GameStop is out with their Q2 2021 earnings release. The company is reporting a worse than expected earnings-per-share (EPS) loss of $0.85/share with revenues of $1.183 billion. Here's everything of interest from the earnings release.
Here's a breakdown of the most interesting information disclosed in the GameStop Q2 2021 earnings release:
- Net sales of $1.183 billion, up from $942 million during Q2 2020
- Diluted loss per share of -$0.85 during the quarter
- Cash on hand of $1.78 billion at the end of the quarter
- No long-term debt, outside of a $47.5 million low-interest loan from the French government's COVID-19 response
- Invested in long-term growth initiatives that include expanding the Company’s product catalog, enhancing its fulfillment network capabilities and technology, and adding talent across the organization.
- Entered into a lease of a new 530,000 square foot fulfillment center in Reno, Nevada, positioning the Company’s fulfillment network to span both coasts of the continental U.S.
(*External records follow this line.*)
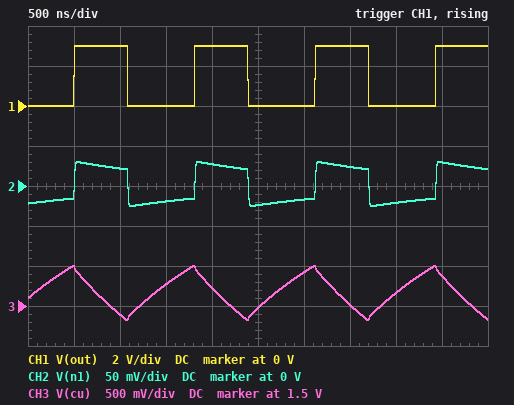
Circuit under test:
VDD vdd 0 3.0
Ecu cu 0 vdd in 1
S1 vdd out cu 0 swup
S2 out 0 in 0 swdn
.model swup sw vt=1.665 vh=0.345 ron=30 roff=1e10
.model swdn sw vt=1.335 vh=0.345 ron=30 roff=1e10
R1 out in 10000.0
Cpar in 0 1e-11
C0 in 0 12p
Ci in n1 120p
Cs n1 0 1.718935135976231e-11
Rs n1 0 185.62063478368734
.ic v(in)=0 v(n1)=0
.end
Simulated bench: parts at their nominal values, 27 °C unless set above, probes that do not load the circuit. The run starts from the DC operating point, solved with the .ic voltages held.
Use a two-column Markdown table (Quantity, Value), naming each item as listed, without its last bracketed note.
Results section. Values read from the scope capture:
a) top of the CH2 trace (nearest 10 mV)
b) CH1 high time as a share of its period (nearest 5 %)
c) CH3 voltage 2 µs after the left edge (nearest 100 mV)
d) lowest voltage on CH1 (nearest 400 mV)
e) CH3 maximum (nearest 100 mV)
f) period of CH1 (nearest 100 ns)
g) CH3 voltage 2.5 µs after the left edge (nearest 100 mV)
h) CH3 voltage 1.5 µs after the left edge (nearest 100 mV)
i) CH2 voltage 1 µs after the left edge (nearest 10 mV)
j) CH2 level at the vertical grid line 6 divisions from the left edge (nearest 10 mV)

| Quantity | Value |
|---|---|
| top of the CH2 trace | 30 mV |
| CH1 high time as a share of its period | 45 % |
| CH3 voltage 2 µs after the left edge | 1.7 V |
| lowest voltage on CH1 | 0 V |
| CH3 maximum | 2.0 V |
| period of CH1 | 1.3 µs |
| CH3 voltage 2.5 µs after the left edge | 1.5 V |
| CH3 voltage 1.5 µs after the left edge | 1.8 V |
| CH2 voltage 1 µs after the left edge | 20 mV |
| CH2 level at the vertical grid line 6 divisions from the left edge | -20 mV |
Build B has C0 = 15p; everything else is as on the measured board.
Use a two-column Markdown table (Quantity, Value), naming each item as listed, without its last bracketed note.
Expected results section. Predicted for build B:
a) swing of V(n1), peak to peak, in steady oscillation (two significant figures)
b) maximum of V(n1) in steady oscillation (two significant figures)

| Quantity | Value |
|---|---|
| swing of V(n1), peak to peak, in steady oscillation | 54 mV |
| maximum of V(n1) in steady oscillation | 29 mV |

- Entered into a lease of a new customer care center in Pembroke Pines, Florida and started building out U.S.-based customer care operations.
- Operating margin: -4.9%
- $11.5 million outflow of cash from operations during the quarter
- Proceeds from the issuance of stock totalled $1.672 billion
- Hardware and accessories revenue of $609.6 million
- 51.5% of sales
- Software revenue of $396.6 million
- 33.5% of sales
- Collectibles revenue of $177.2 million
- 15% of sales
Today's results are a mixed bag for GameStop shareholders, as the company did beat Wall Street's revenue expectations during the quarter, but at the same time came in light on the bottom line. The loss of $0.85/share is well below the EPS whisper number that expected a $0.38/share loss and the mean analyst estimate for a $0.66/share loss.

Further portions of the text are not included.